As owner of Fairsing Vineyard & Winery an hour outside Portland, Oregon, and then chair of the Willamette Valley Wineries Association, McNally was researching how child care works.
He had spent the last couple of years figuring out how the association could do more than “enhance the prestige of Willamette Valley wines,” he said. The association set up a philanthropic arm to invest in employees of the region’s wineries, and in their communities.
When asked what needs were most pressing, vineyard stewards pointed first to housing, and then to child care.
“My wife would like to be out here working with me, but she’s got to take care of the kids,” McNally recalled hearing in conversations with workers.
Employers across the country are hearing similar sentiments. Some businesses are opening on-site child care programs or subsidizing the cost of employees’ child care.

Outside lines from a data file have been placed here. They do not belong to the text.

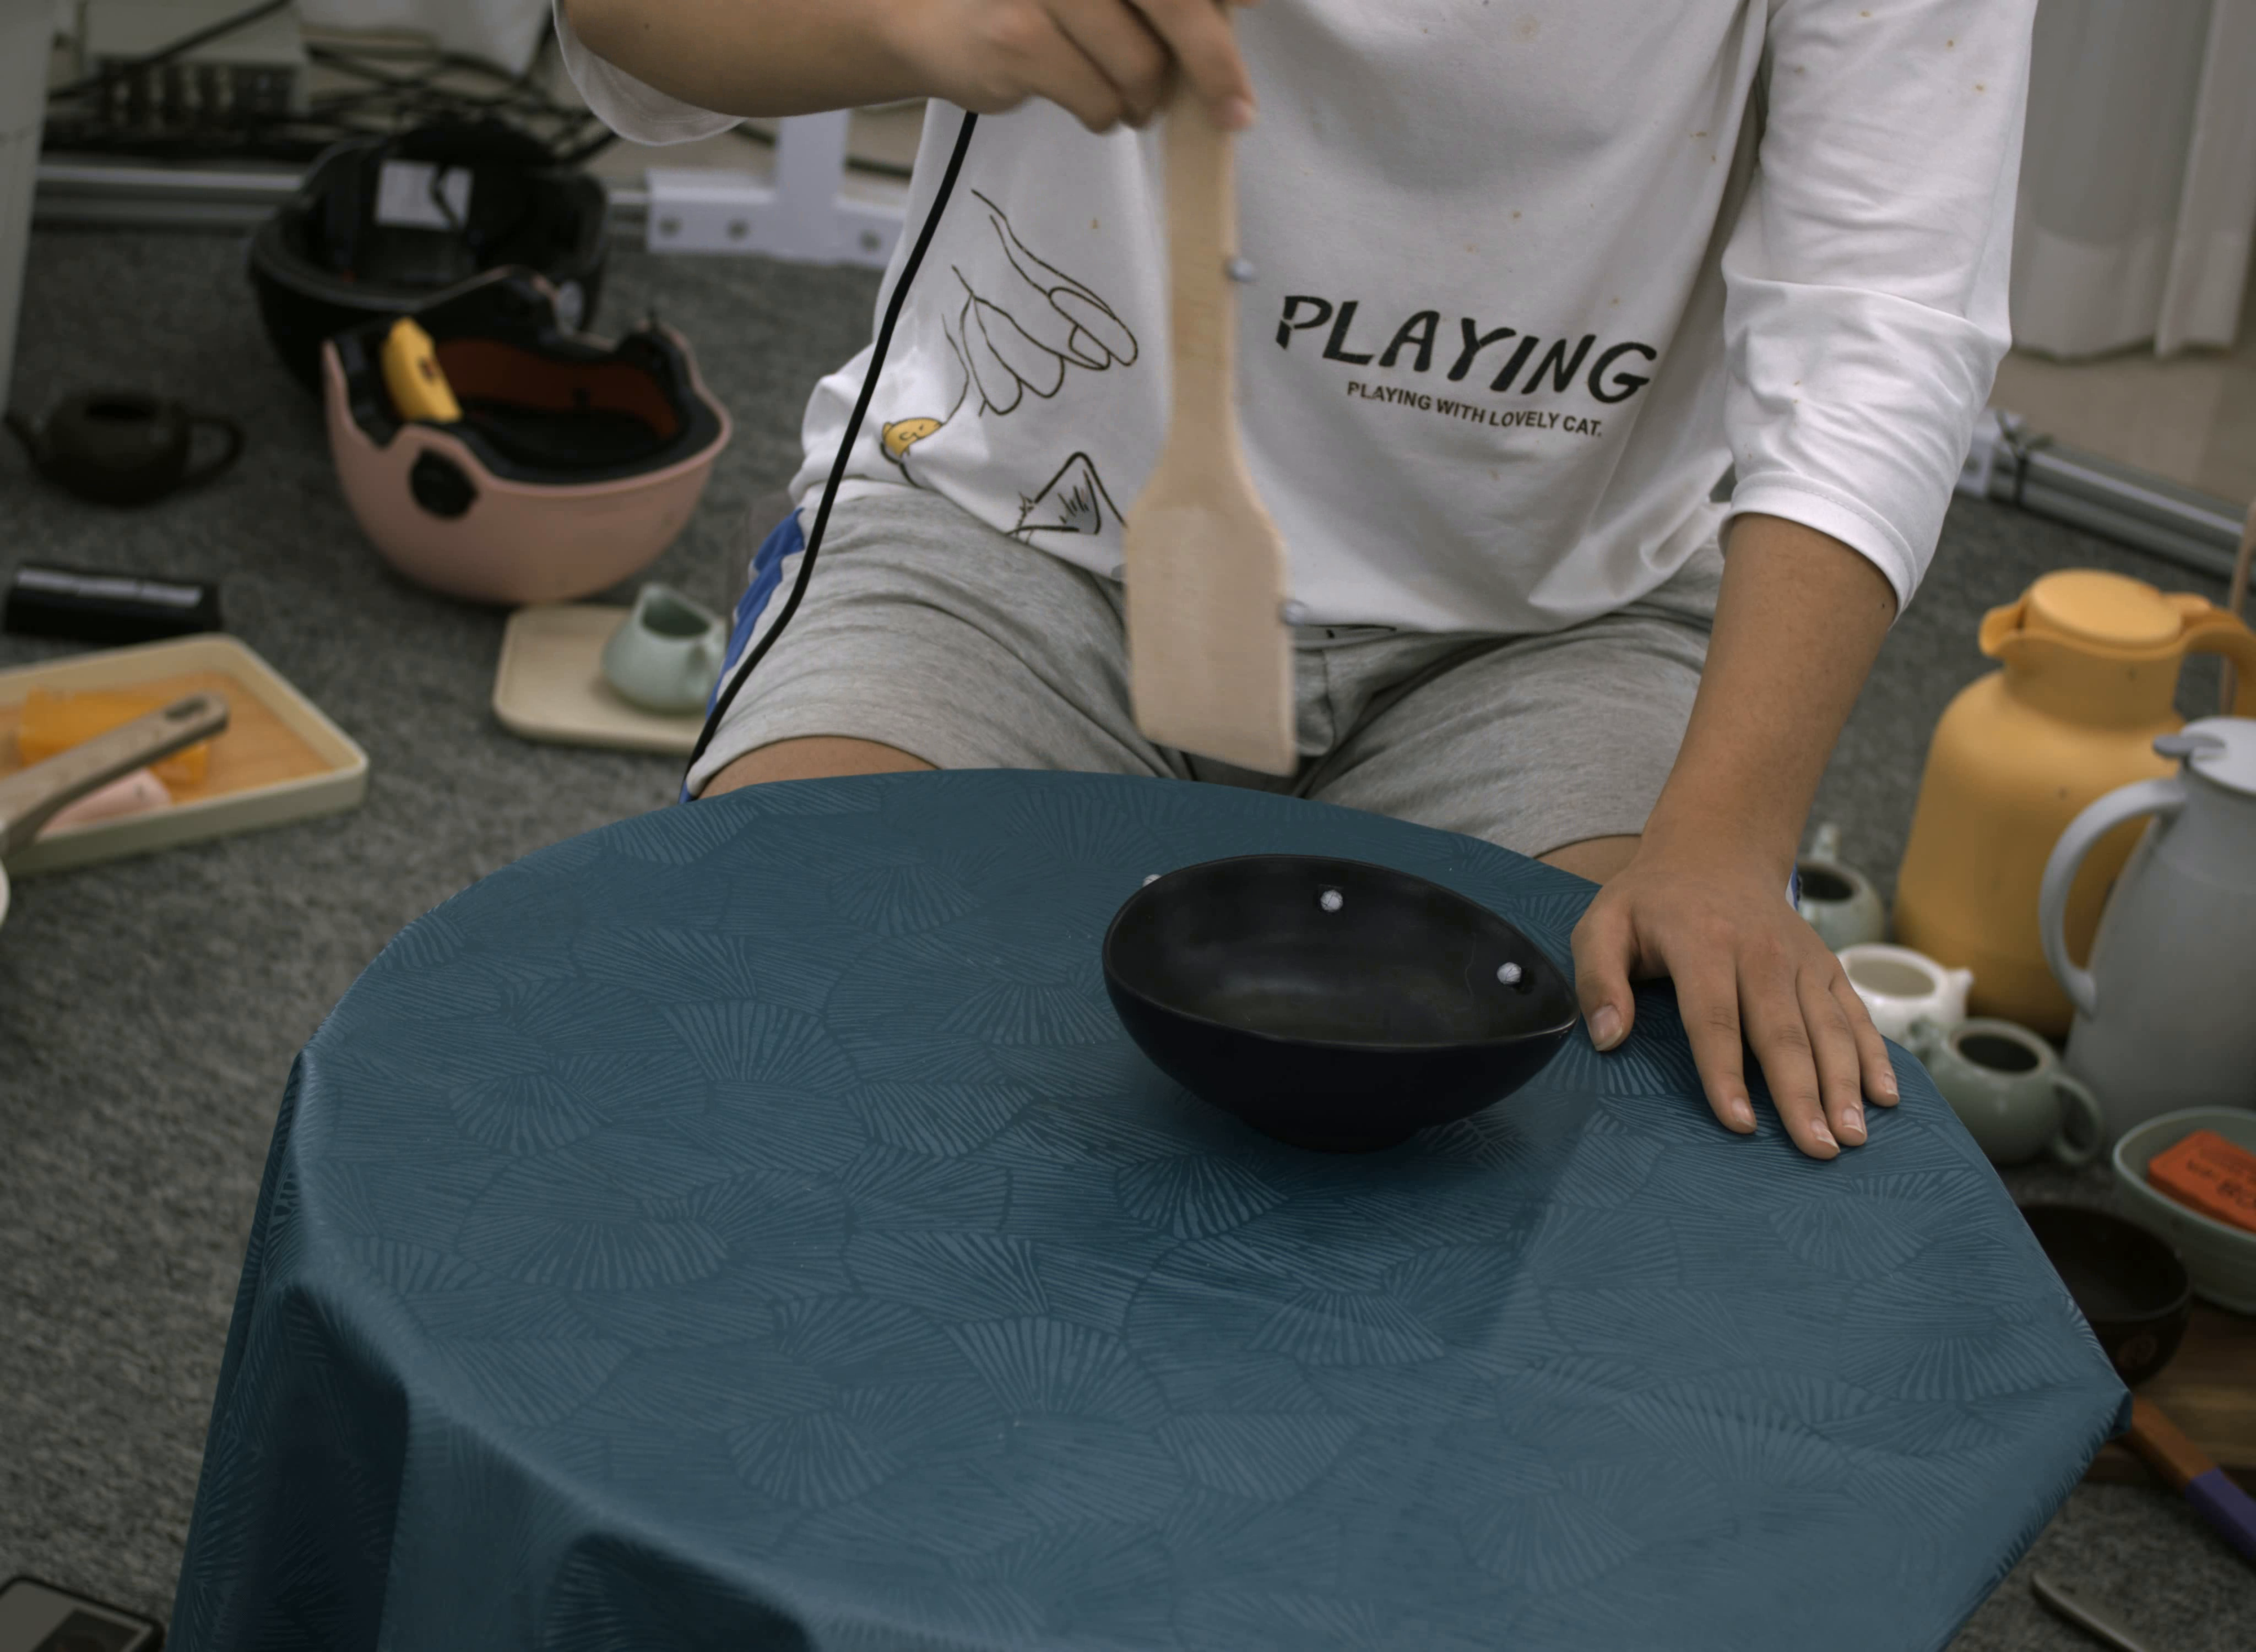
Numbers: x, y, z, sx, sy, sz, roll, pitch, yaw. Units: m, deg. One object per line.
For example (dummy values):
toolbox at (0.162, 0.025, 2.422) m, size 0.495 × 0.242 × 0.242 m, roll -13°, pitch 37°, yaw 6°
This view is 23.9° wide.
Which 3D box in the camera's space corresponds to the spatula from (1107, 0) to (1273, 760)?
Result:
spatula at (0.019, -0.165, 1.743) m, size 0.073 × 0.292 × 0.010 m, roll 15°, pitch 23°, yaw 43°

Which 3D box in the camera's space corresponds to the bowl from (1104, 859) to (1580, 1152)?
bowl at (0.071, 0.069, 1.860) m, size 0.169 × 0.066 × 0.138 m, roll 3°, pitch 26°, yaw -12°
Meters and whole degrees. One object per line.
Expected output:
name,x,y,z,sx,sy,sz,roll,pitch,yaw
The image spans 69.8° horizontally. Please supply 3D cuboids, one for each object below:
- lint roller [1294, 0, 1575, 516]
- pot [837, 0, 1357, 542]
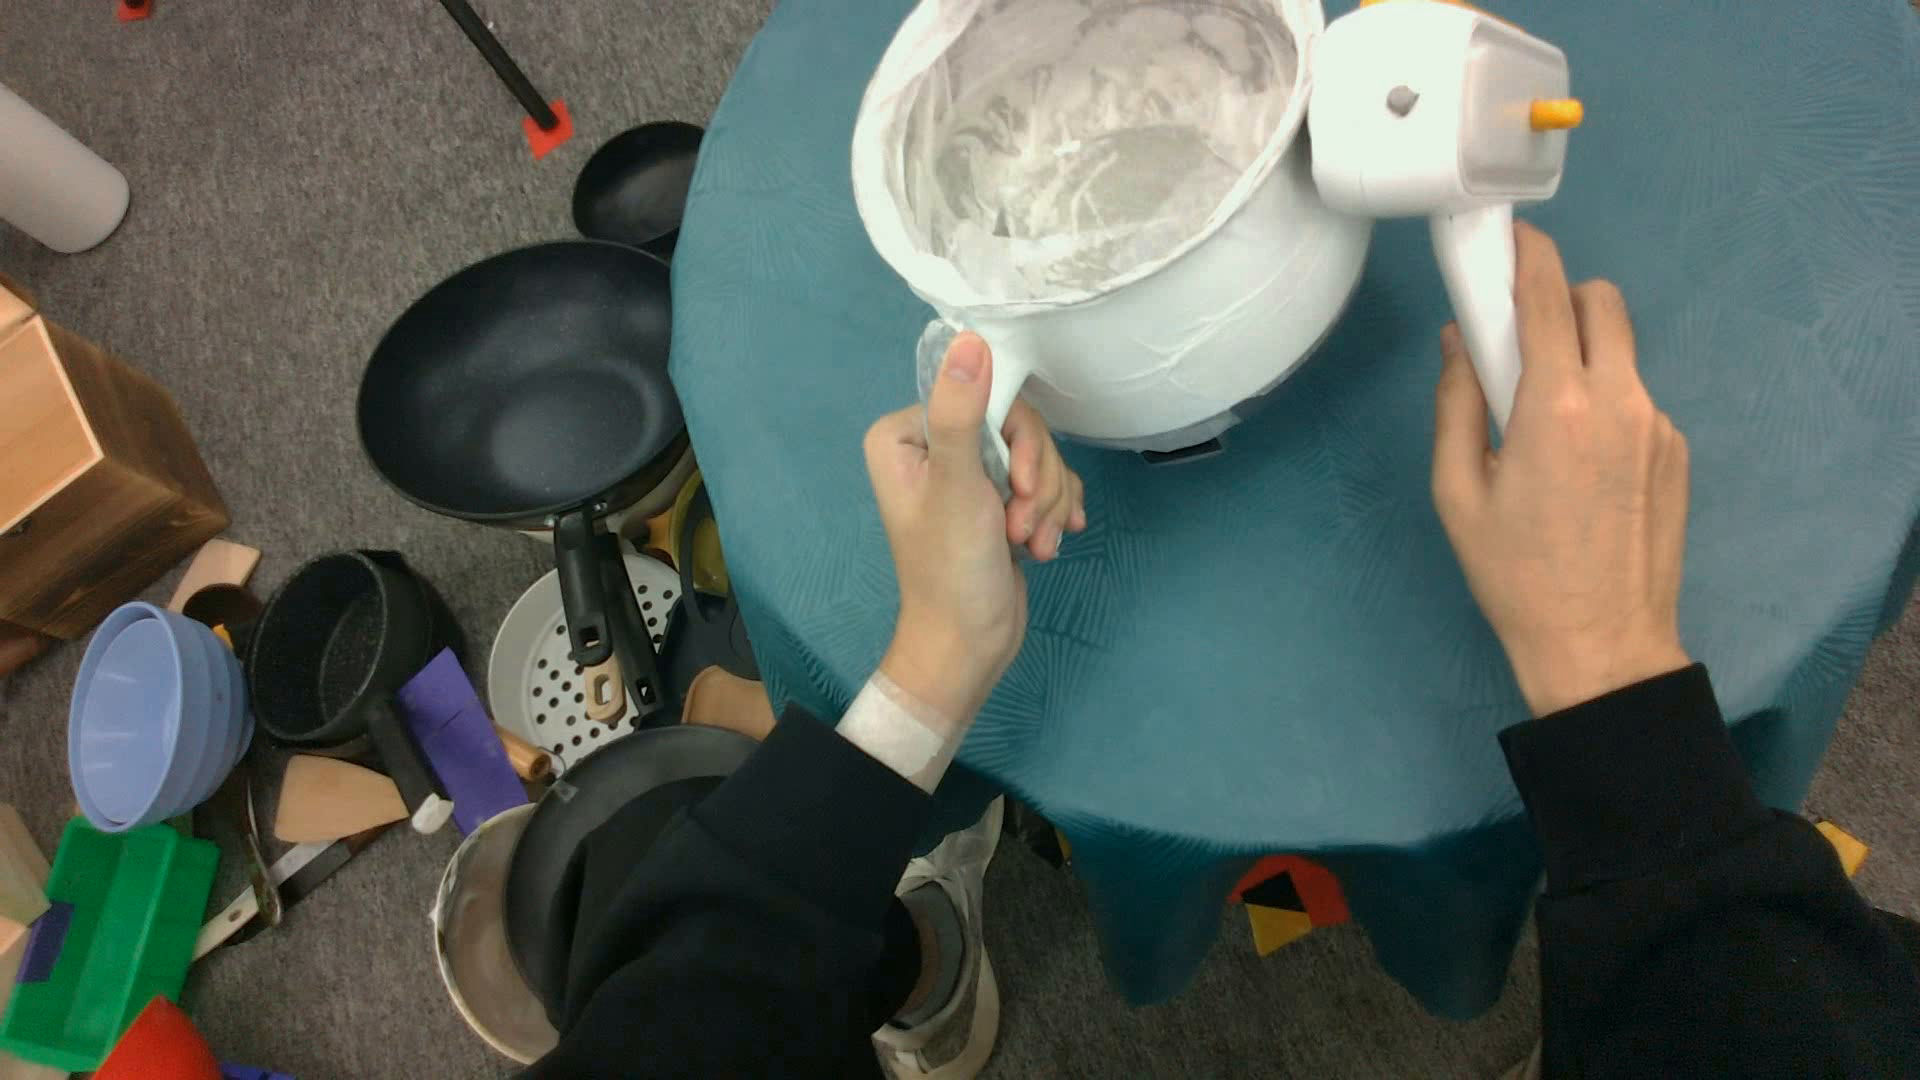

In North Carolina, an estimated 400,000 working parents are constrained by child care needs, according to a 2022 report from the NC Early Childhood Foundation. Insufficient child care is costing the state $3.5 billion annually, and the country $122 billion, according to a 2023 ReadyNation report. Local and statewide chambers of commerce are speaking about the need for child care.
But McNally’s journey did not end at acknowledging the need, holding a news conference, or even connecting his business’s own employees to child care. After two years, Primeros Pasos, “first steps,” is just getting started in building a child care system that serves Latino communities across the region.
‘An ideal partnership’
McNally was introduced to Jaime Arredondo, executive director of Capaces Leadership Institute, a nonprofit serving Latino communities in the Willamette Valley. The organization has been rooted in labor organizing and immigration raid resistance starting in the 1970s.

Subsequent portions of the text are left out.